Dans cette moitié d’humanité à qui on refuse le droit de s’amuser comme leurs petits copains, il y en a que ça énerve beaucoup. Ras le bol de se faire écraser les pompes, qu’elles soient ou non à talons. Ras le bol d’entendre « à poil » dès qu’une nana ose tenir une guitare. Ras le bol de la culture mainstream qui véhicule les clichés sexistes les plus éculés. Ras le bol du capitalisme qui exclut toutes les minorités. La colère est bonne conseillère. Il est temps d’inventer un rock féministe, anti-capitaliste, un rock qui s’empare de sujets peu exploités jusque là (l’inceste, le viol, les violences domestiques…), un punk rock pluriel et novateur, sans icône, sans tête de gondole. Le but sera de faire. DIY à tous les étages. Soit « Ouvre-la, n’importe comment, mais Ouvre-la ».
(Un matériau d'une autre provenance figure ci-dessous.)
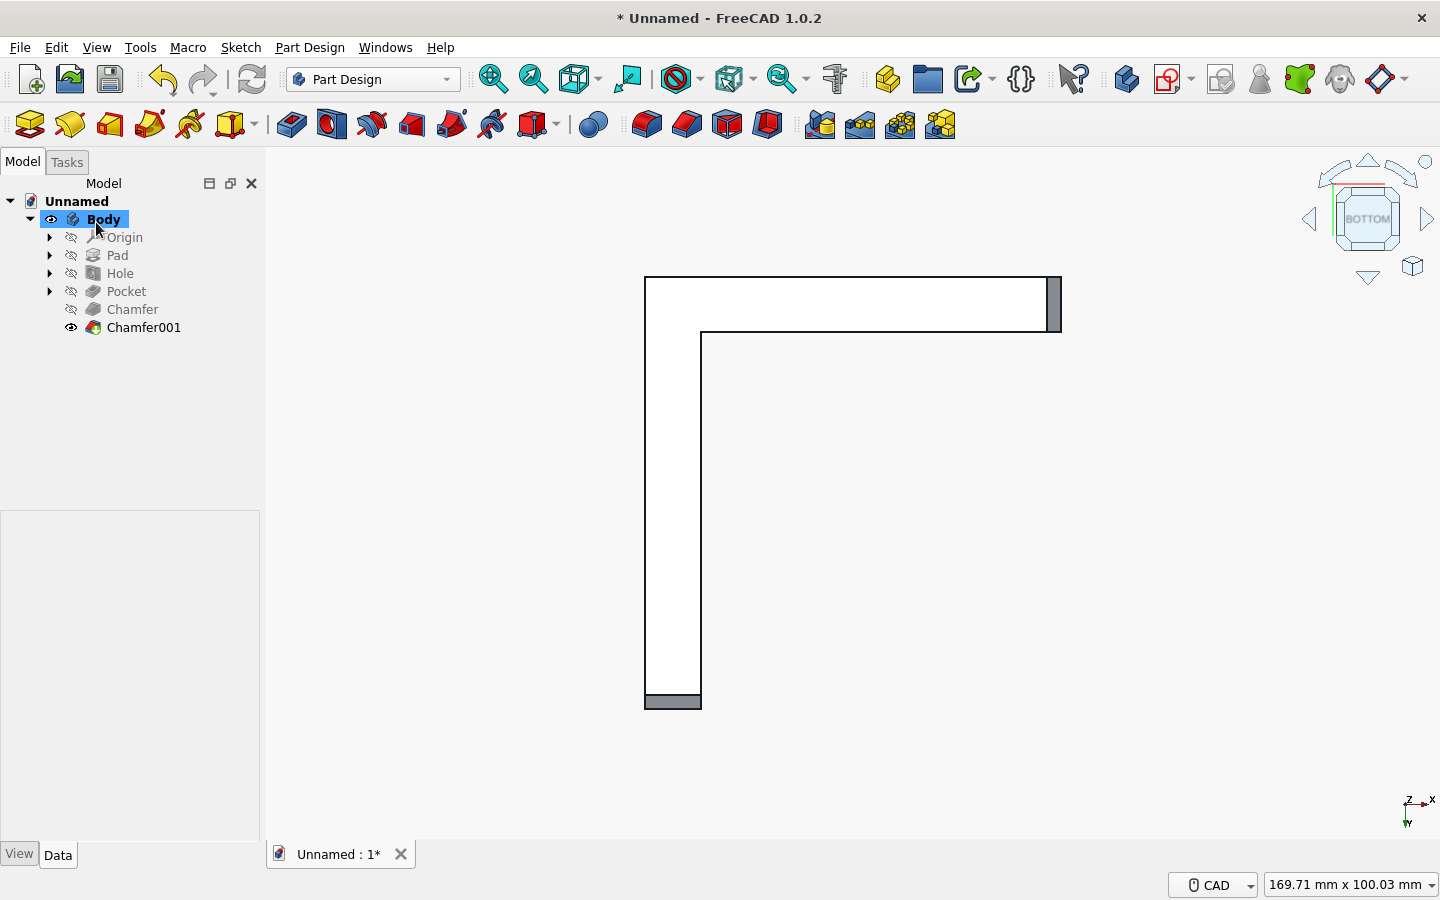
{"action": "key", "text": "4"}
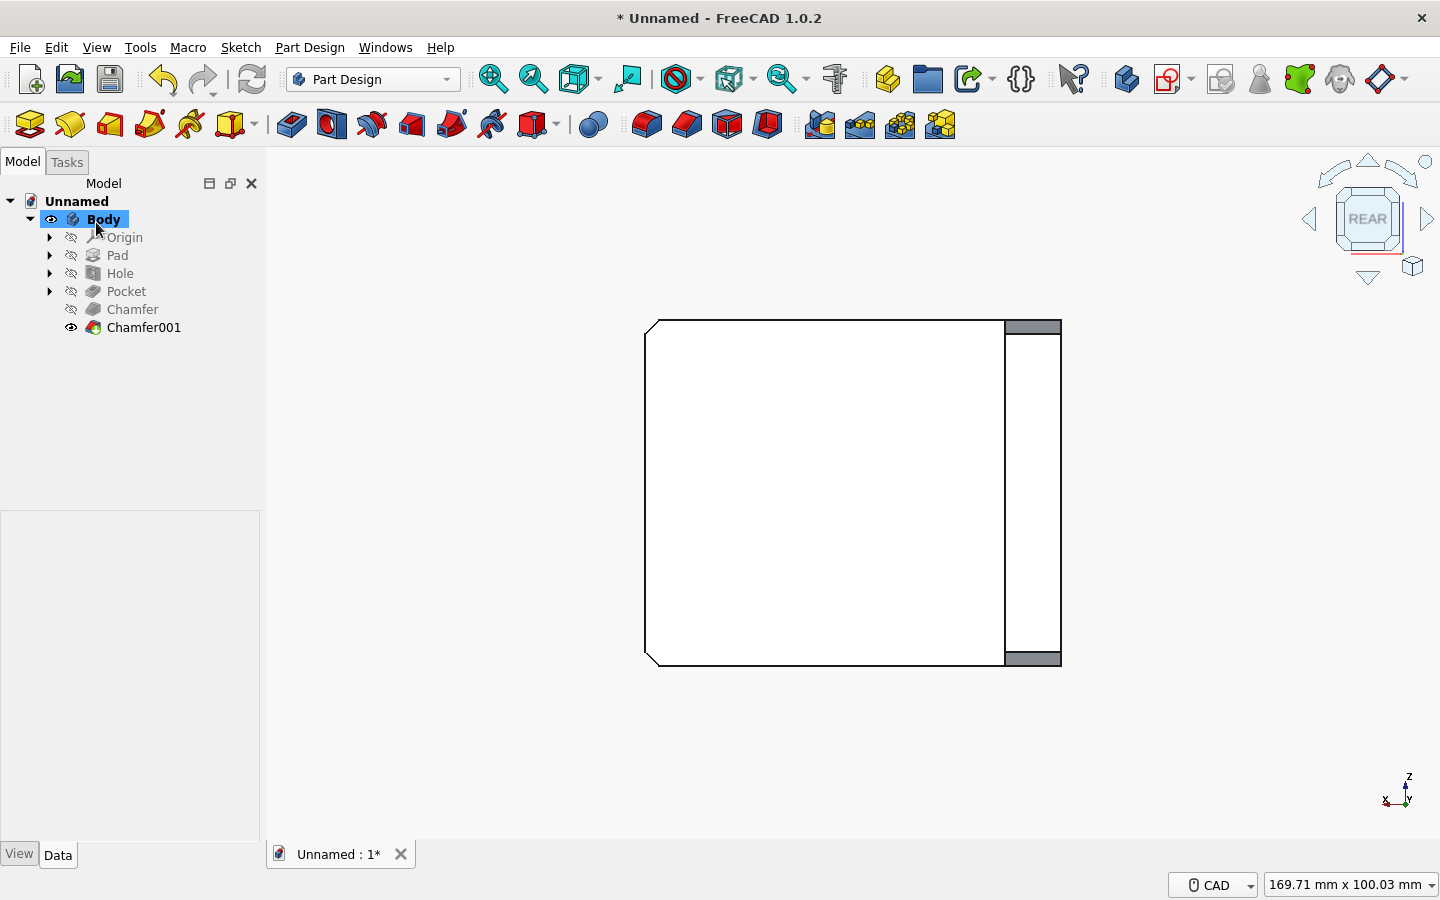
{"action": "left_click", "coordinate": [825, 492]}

1991. Dans différents coins des USA, sans concertation préalable, telle une génération spontanée, des femmes vont se servir des méthodes testées par leurs aîné(e)s pour exister dans ce monde de brutes. A Olympia, dans l’Etat du Washington, et à Washington, DC, notamment, on assiste à la naissance d’une sous-culture aux références musicales communes, un rock tapageur qui laisse exprimer toute leur rage contenue. Kathleen Hanna, Kathi Wilcox et Tobi Vail fondent Bikini Kill. Allison Wolfe, Molly Neuman lancent Bratmobile, tandis que Tracey Sawyer et Corin Tucker créent Heavens to Betsy.

C’est une révolte ? Non, Sires. C’est une révolution !, ainsi que le proclame le bandeau qui barre le cœur noir sur la première démo du collectif, Revolution Girl Style Now ! Echange d’informations par le biais de fanzines (Girls Germs, Jigsaw, Chainsaw…), organisation de conférences, de concerts… Le but : inciter, inspirer. Et ça marche. Les riot grrrls essaiment, font des petites. Mouvant, tentaculaire, le mouvement tire sa force d’une multitude de cellules, décidées à promouvoir une culture destinée à rester underground, où l’on prône la solidarité entre femmes, le respect de l’individu, le refus de se vendre. Evidemment, de tels actes de rébellion ne plaisent pas à tout le monde : intimidations, agressions lors de concerts, elles résistent. Imaginez ces pauvres petites musiciennes fragiles exiger des mecs qu’ils reculent pour laisser les filles du public passer au premier rang, au nom de Girls to the front, et qu’ils obéissent ! (jetez un œil au court doc sur viméo.com/11737681 pour vous convaincre de leur ténacité).

Manon Labry connaît son sujet (pour y avoir consacré une thèse Le cas de la sous-culture punk féministe américaine. Vers une redéfinition de la relation dialectique «mainstream»-«underground» ?) et ne s’embarrasse pas ici de jargon universitaire pour dire tout le bien qu’elle en pense. Le ton est caustique, l’écriture vive et bien énervée dans cet essai subjectif, très drôle, rédigé à la première personne. En France, les riot grrrls demeuraient un mouvement mal connu qui méritait qu’on s’y intéresse avec fougue. Manon Labry prend parti pour la cause, resitue les obstacles, les questionnements qu’elles ont dû affronter, qui les ont fait plier, sans rompre. The Julie Ruin ou Sleater-Kinney sont les descendantes directes de ce combat. Elles attendent que leurs petites sœurs se joignent à la fête.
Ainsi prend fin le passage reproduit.